Foi no Algarve que parte desse dinheiro ganhou forma mais visível. No processo foram arrestados oito imóveis, incluindo apartamentos e moradias de luxo em Tavira, Cabanas de Tavira, Quarteira e Vilamoura. Entre os bens identificados estão propriedades na Quinta das Salinas, na Urbanização Costa de Cabanas e na Avenida Tivoli, em Vilamoura.

No relatório final, os investigadores da PJ descrevem uma sequência “típica” de branqueamento, referindo que o esquema passava por “criar empresas, colocar terceiros a figurar como representantes, abrir contas, movimentar fundos, justificar operações e transformar dinheiro suspeito em património, crédito e despesas aparentemente normais”. Segundo a PJ, tratava-se de um “processo estruturado e continuado de dissimulação da origem dos fundos”, em que “as operações eram fragmentadas e distribuídas por várias entidades para dificultar a sua rastreabilidade”.

Segundo a PJ, a estrutura montada em Portugal também terá ajudado Lynn a obter crédito junto da banca portuguesa. O dinheiro que circulava pelas contas das sociedades dava aparência de atividade económica e permitia apresentar pedidos de financiamento a bancos portugueses.

Esses créditos terão sido depois usados para comprar imóveis, mas também suportar um “regime de vida faustoso e absolutamente de luxo”, segundo a PJ, que aponta para a compra de residências, viaturas e viagens através desse património. Refere ainda que alguns funcionários ligados às sociedades do grupo recebiam salários entre 30% e 50% acima do valor de mercado, o que, para os investigadores, ajudava a garantir fidelidade e a evitar perguntas sobre a verdadeira atividade das empresas.

Em Portugal, o Ministério Público acusou Michael Thomas Lynn, a ex-mulher e a irmã, mas também outros três alegados "testas de ferro" de um crime de branqueamento, imputado a cada um. De acordo com os procuradores, “ao agir como agiram, os arguidos bem sabiam que os fundos envolvidos em cada um dos atos em que participaram tinham tido origem em atividade punida criminalmente no estrangeiro” praticada por Lynn.
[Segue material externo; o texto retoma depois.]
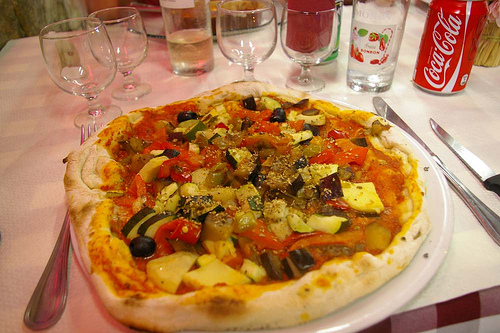Describe the setting in which the pizza is placed. What items accompany it on the table? The pizza is placed in a cozy dining setting, accompanied by several clear and colored glasses, presumably for drinks, an empty bottle suggesting a meal just enjoyed, and a Coca Cola can, adding a familiar touch to the feast. 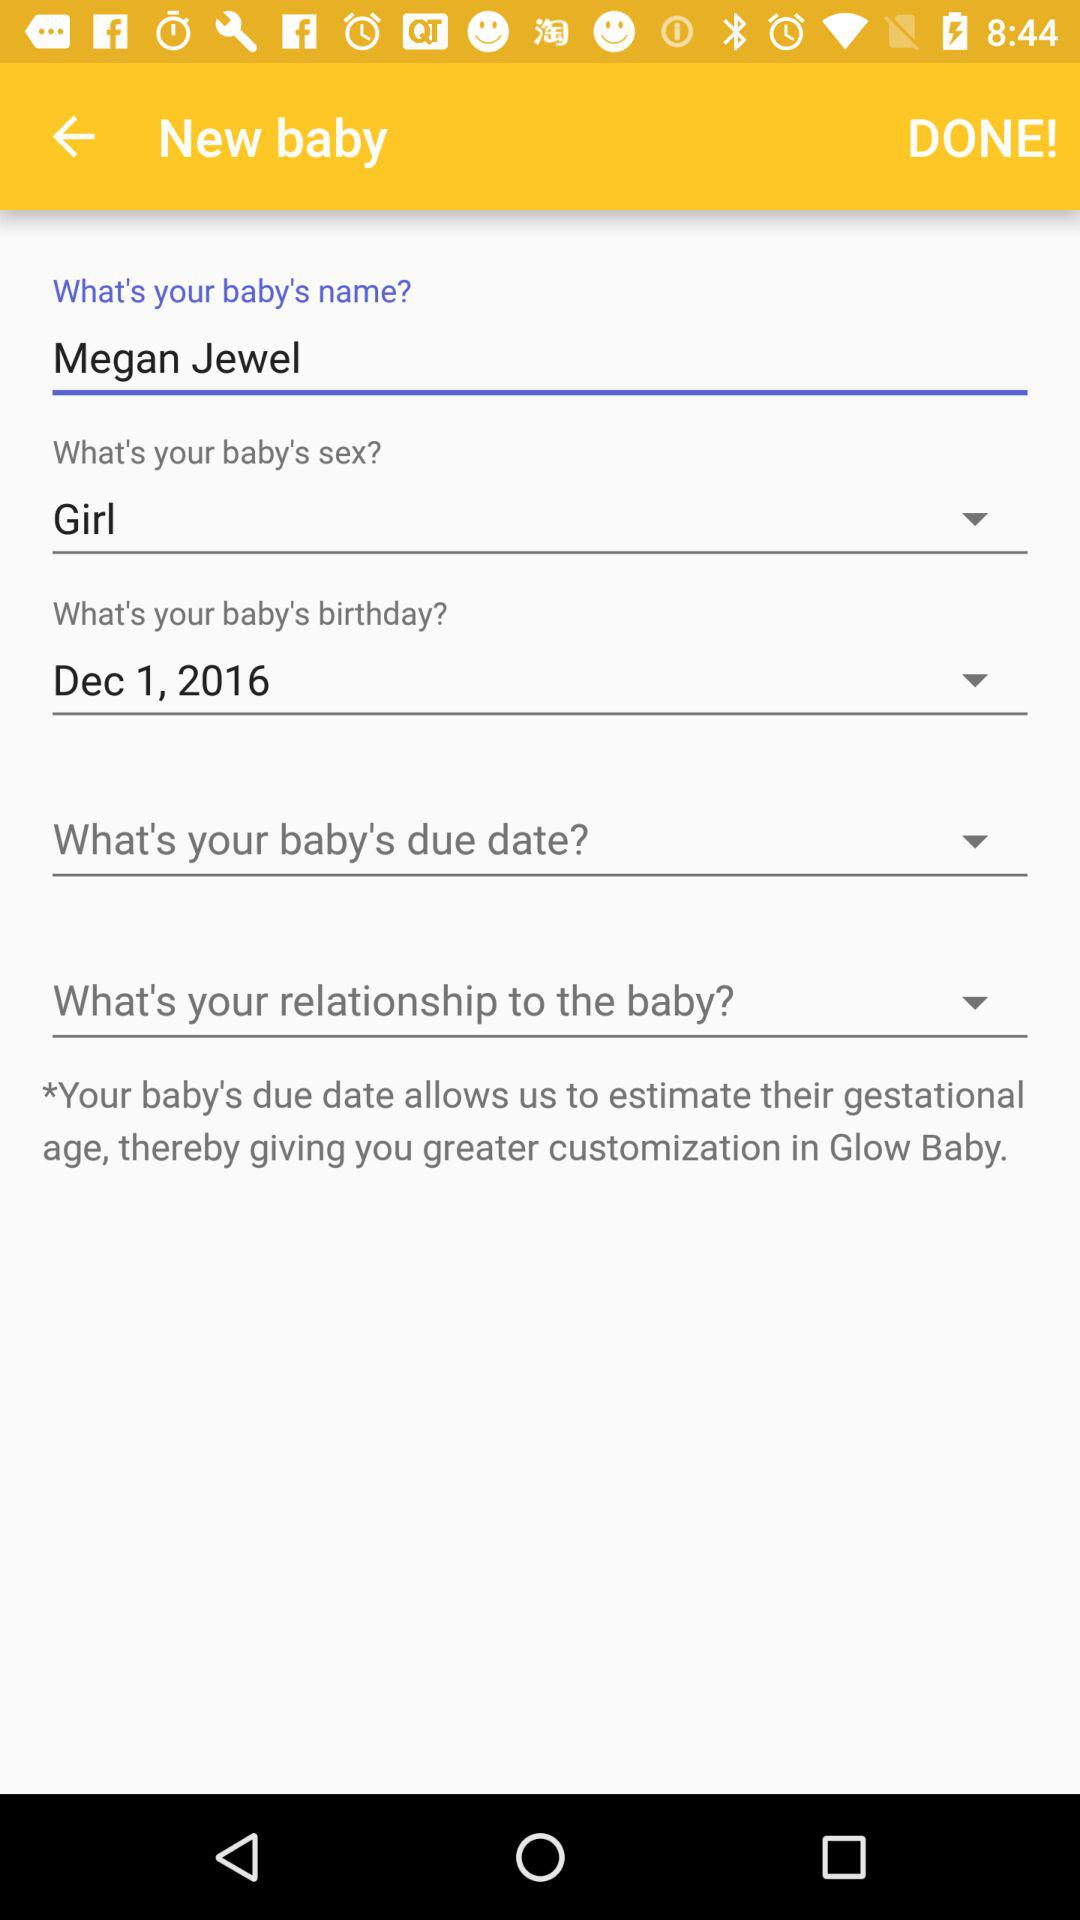What is the baby's birthdate? The baby's birthdate is December 1, 2016.

Além disso, também os imóveis adquiridos em território nacional “tiveram” origem em fundos criminosos.

No processo que corre no tribunal de Faro, a defesa de Lynn e dos restantes arguidos rejeita a acusação de branqueamento, sublinhando que nunca procuraram esconder a origem de qualquer dinheiro nem o tentaram integrar na economia legítima através das sociedades portuguesas. Contestam ainda a própria construção jurídica do caso, defendendo que os factos praticados na Irlanda e na Hungria não podem servir de base à acusação apresentada pelo Ministério Público português.

Além disso, a defesa argumenta que uma parte relevante das provas que estão na origem da acusação portuguesa continua a ser discutida nos tribunais irlandeses. Os advogados referem que o caso ainda se encontra pendente de apreciação no Supremo Tribunal da Irlanda e sustentam que, enquanto não existir uma decisão definitiva, os alegados crimes praticados naquele país não podem servir de base à acusação de branqueamento deduzida pelo Ministério Público português.
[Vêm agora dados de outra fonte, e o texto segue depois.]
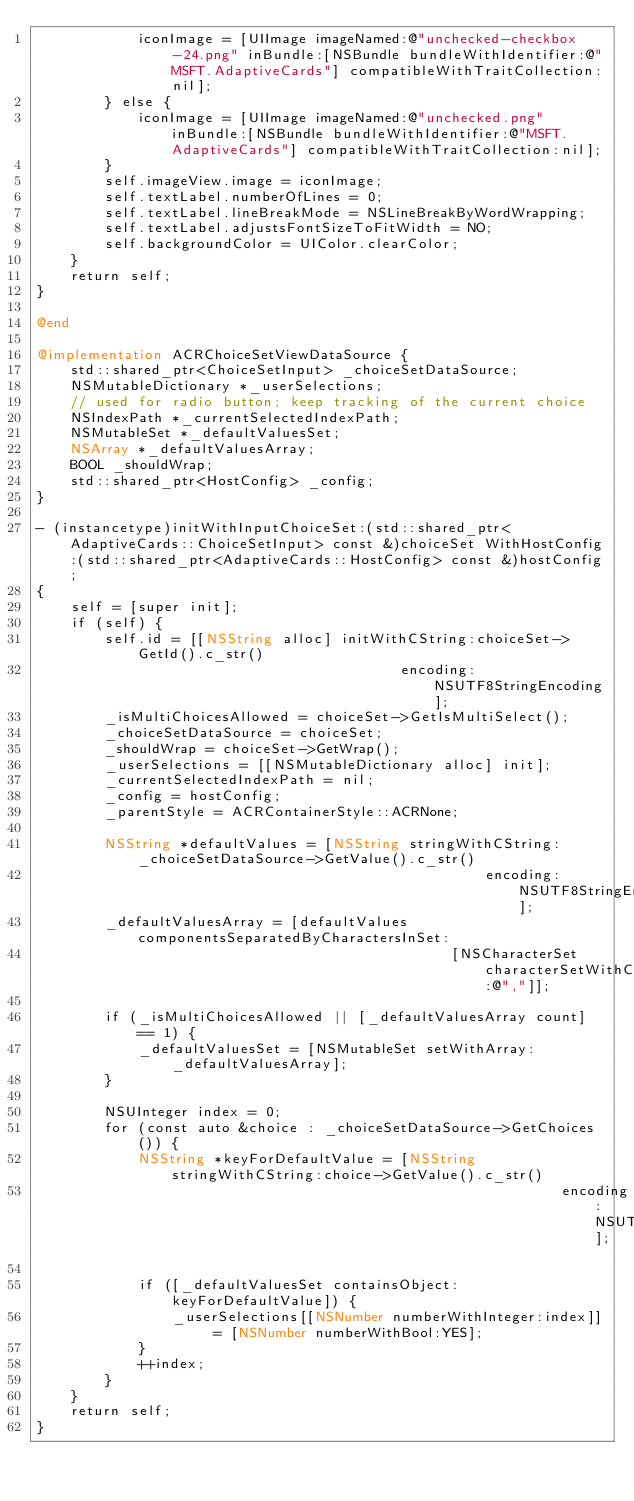Convert code to text. <code><loc_0><loc_0><loc_500><loc_500><_ObjectiveC_>            iconImage = [UIImage imageNamed:@"unchecked-checkbox-24.png" inBundle:[NSBundle bundleWithIdentifier:@"MSFT.AdaptiveCards"] compatibleWithTraitCollection:nil];
        } else {
            iconImage = [UIImage imageNamed:@"unchecked.png" inBundle:[NSBundle bundleWithIdentifier:@"MSFT.AdaptiveCards"] compatibleWithTraitCollection:nil];
        }
        self.imageView.image = iconImage;
        self.textLabel.numberOfLines = 0;
        self.textLabel.lineBreakMode = NSLineBreakByWordWrapping;
        self.textLabel.adjustsFontSizeToFitWidth = NO;
        self.backgroundColor = UIColor.clearColor;
    }
    return self;
}

@end

@implementation ACRChoiceSetViewDataSource {
    std::shared_ptr<ChoiceSetInput> _choiceSetDataSource;
    NSMutableDictionary *_userSelections;
    // used for radio button; keep tracking of the current choice
    NSIndexPath *_currentSelectedIndexPath;
    NSMutableSet *_defaultValuesSet;
    NSArray *_defaultValuesArray;
    BOOL _shouldWrap;
    std::shared_ptr<HostConfig> _config;
}

- (instancetype)initWithInputChoiceSet:(std::shared_ptr<AdaptiveCards::ChoiceSetInput> const &)choiceSet WithHostConfig:(std::shared_ptr<AdaptiveCards::HostConfig> const &)hostConfig;
{
    self = [super init];
    if (self) {
        self.id = [[NSString alloc] initWithCString:choiceSet->GetId().c_str()
                                           encoding:NSUTF8StringEncoding];
        _isMultiChoicesAllowed = choiceSet->GetIsMultiSelect();
        _choiceSetDataSource = choiceSet;
        _shouldWrap = choiceSet->GetWrap();
        _userSelections = [[NSMutableDictionary alloc] init];
        _currentSelectedIndexPath = nil;
        _config = hostConfig;
        _parentStyle = ACRContainerStyle::ACRNone;

        NSString *defaultValues = [NSString stringWithCString:_choiceSetDataSource->GetValue().c_str()
                                                     encoding:NSUTF8StringEncoding];
        _defaultValuesArray = [defaultValues componentsSeparatedByCharactersInSet:
                                                 [NSCharacterSet characterSetWithCharactersInString:@","]];

        if (_isMultiChoicesAllowed || [_defaultValuesArray count] == 1) {
            _defaultValuesSet = [NSMutableSet setWithArray:_defaultValuesArray];
        }

        NSUInteger index = 0;
        for (const auto &choice : _choiceSetDataSource->GetChoices()) {
            NSString *keyForDefaultValue = [NSString stringWithCString:choice->GetValue().c_str()
                                                              encoding:NSUTF8StringEncoding];

            if ([_defaultValuesSet containsObject:keyForDefaultValue]) {
                _userSelections[[NSNumber numberWithInteger:index]] = [NSNumber numberWithBool:YES];
            }
            ++index;
        }
    }
    return self;
}
</code>

A questão surge também refletida na correspondência trocada entre as autoridades dos dois países. Numa comunicação enviada através da Eurojust, as autoridades irlandesas informaram as congéneres portuguesas de que Michael Lynn iria recorrer para o Supremo Tribunal e que, por esse motivo, "a condenação demorará a tornar-se definitiva".

As autoridades irlandesas continuam também a acompanhar de perto o processo português e, numa outra comunicação enviada para Portugal, referem que "mantêm interesse na apreensão de bens” ligados a este processo. O caso deu recentemente lugar a uma série documental emitida pela RTÉ, intitulada “Michael Lynn: The Fugitive” (O Fugitivo). Realizado por Trevor Birney e produzido pela Fine Point Films, o documentário detalha a investigação do jornalista Michael O'Farrell, do Irish Mail on Sunday que perseguiu obstinadamente o rasto de Lynn logo após a sua fuga em 2007 antes de o rasto terminar na sua detenção no Brasil.